And indeed on the host:
sshd[9772]: error: Received disconnect from 192.168.201.2: 3: KeyExchange signature verification failed [preauth]

Version-Release number of selected component (if applicable):
ovirt-engine-3.6.7-1.el6.noarch
ovirt-host-deploy-java-1.4.1-1.el6.noarch

How reproducible:
Sometimes.

Steps to Reproduce:
1.
2.
3.

Actual results:


Expected results:


Additional info:
ovirt-host-deploy-1.4.1-1.el6.noarch
ovirt-image-uploader-3.6.0-1.el6.noarch
ovirt-engine-setup-plugin-websocket-proxy-3.6.7-1.el6.noarch
ovirt-engine-tools-3.6.7-1.el6.noarch
ovirt-engine-setup-plugin-ovirt-engine-3.6.7-1.el6.noarch
ovirt-engine-backend-3.6.7-1.el6.noarch
ovirt-engine-extension-aaa-jdbc-1.0.7-1.el6.noarch
ovirt-setup-lib-1.0.1-1.el6.noarch
ebay-cors-filter-1.0.1-0.1.ovirt.el6.noarch
ovirt-host-deploy-java-1.4.1-1.el6.noarch
ovirt-engine-cli-3.6.2.0-1.el6.noarch
ovirt-iso-uploader-3.6.0-1.el6.noarch
ovirt-engine-wildfly-overlay-8.0.5-1.el6.noarch
ovirt-vmconsole-proxy-1.0.2-1.el6.noarch
ovirt-engine-wildfly-8.2.1-1.el6.x86_64
ovirt-engine-tools-backup-3.6.7-1.el6.noarch
ovirt-engine-websocket-proxy-3.6.7-1.el6.noarch
ovirt-engine-webadmin-portal-3.6.7-1.el6.noarch
ovirt-engine-vmconsole-proxy-helper-3.6.7-1.el6.noarch
ovirt-engine-setup-3.6.7-1.el6.noarch
ovirt-engine-restapi-3.6.7-1.el6.noarch
ovirt-engine-dbscripts-3.6.7-1.el6.noarch
ovirt-engine-3.6.7-1.el6.noarch
ovirt-engine-extensions-api-impl-3.6.7-1.el6.noarch
ovirt-engine-lib-3.6.7-1.el6.noarch
ovirt-engine-sdk-python-3.6.5.0-1.el6.noarch
ovirt-vmconsole-1.0.2-1.el6.noarch
ovirt-engine-setup-base-3.6.7-1.el6.noarch
ovirt-engine-setup-plugin-ovirt-engine-common-3.6.7-1.el6.noarch
ovirt-engine-setup-plugin-vmconsole-proxy-helper-3.6.7-1.el6.noarch
ovirt-engine-userportal-3.6.7-1.el6.noarch

Comment 1 Yaniv Kaul 2016-05-31 13:07:05 UTC
Created attachment 1163226 [details]
server.log

Comment 2 Simone Tiraboschi 2016-05-31 14:14:18 UTC
Oved, looks here:
https://issues.jboss.org/browse/ENTESB-2101
They were facing a similar issue in JBoss Fuse 6.2.
It seams somehow related to an older version of org.apache.sshd.sshd-core.

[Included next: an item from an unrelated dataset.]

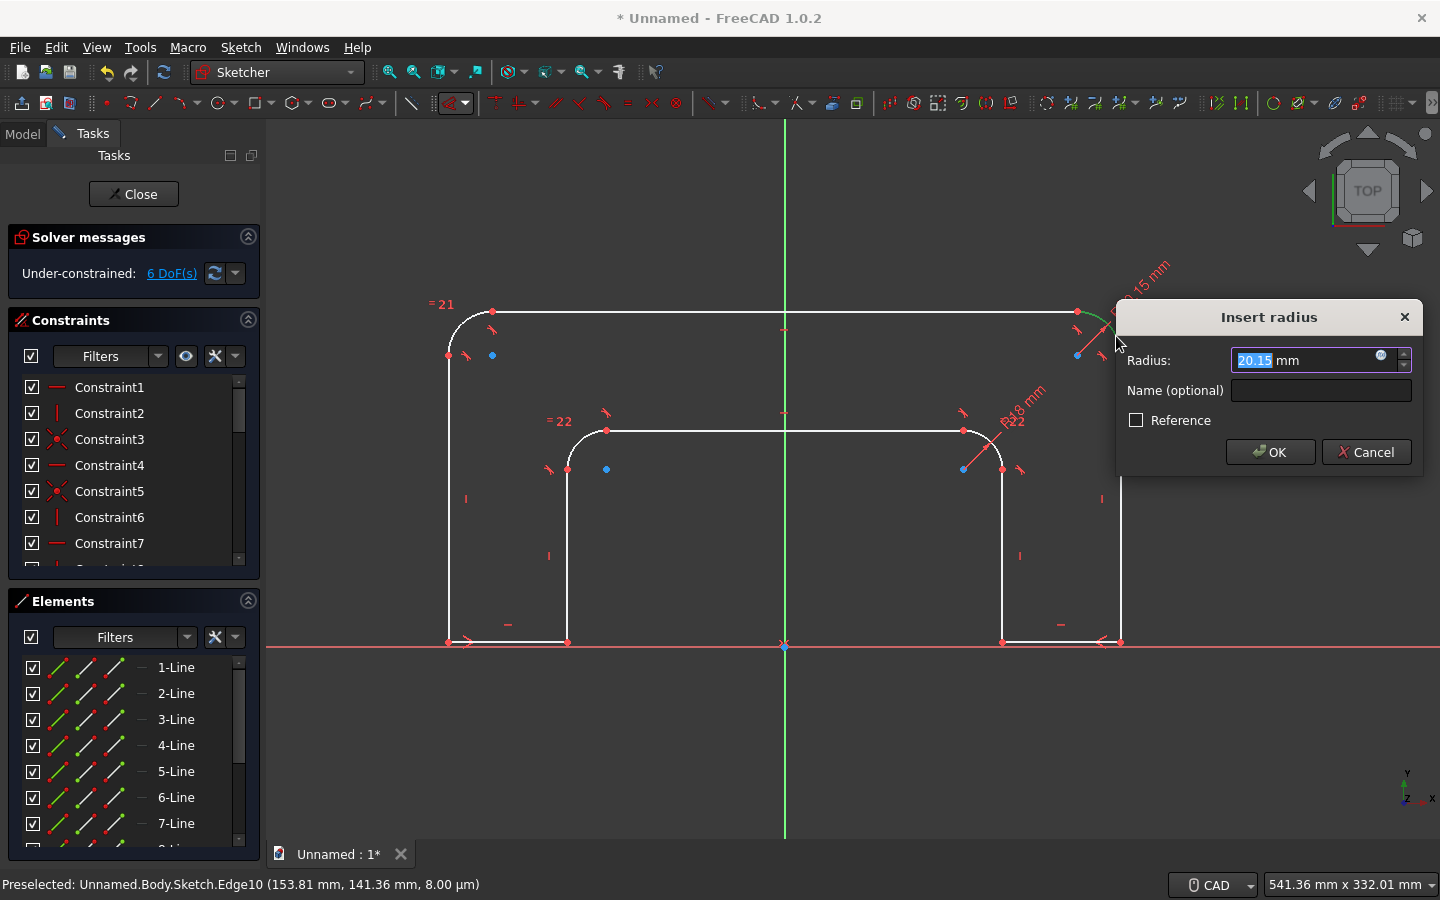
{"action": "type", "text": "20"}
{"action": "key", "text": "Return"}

Paolo Antinori said that requiring version v.0.12.0 of org.apache.sshd.sshd-core seams enough to prevent it.

In 3.6 we still have:

      <dependency>
        <groupId>org.apache.sshd</groupId>
        <artifactId>sshd-core</artifactId>
        <version>${sshd-core.version}</version>
      </dependency>
...
<sshd-core.version>0.11.0</sshd-core.version>

Comment 3 Yaniv Kaul 2016-05-31 15:24:27 UTC
Perhaps it's https://issues.apache.org/jira/browse/SSHD-330 .

I'm wondering why not to upgrade to 0.14. While I agree much newer versions (which I believe we upgraded to in 4.0?) probably a more scary to upgrade to in a 3.6.x, we need to look at the fixes in 0.13, 0.14 and understand if they might affect us:
0.13: https://issues.apache.org/jira/secure/ReleaseNote.jspa?projectId=12310849&version=12327342
0.14: https://issues.apache.org/jira/secure/ReleaseNote.jspa?projectId=12310849&version=12329012

BTW, I'm pretty sure it was not 1 out of 256 (my failures), but other than two failures today, I could not reproduce it yet... I'll see if it does.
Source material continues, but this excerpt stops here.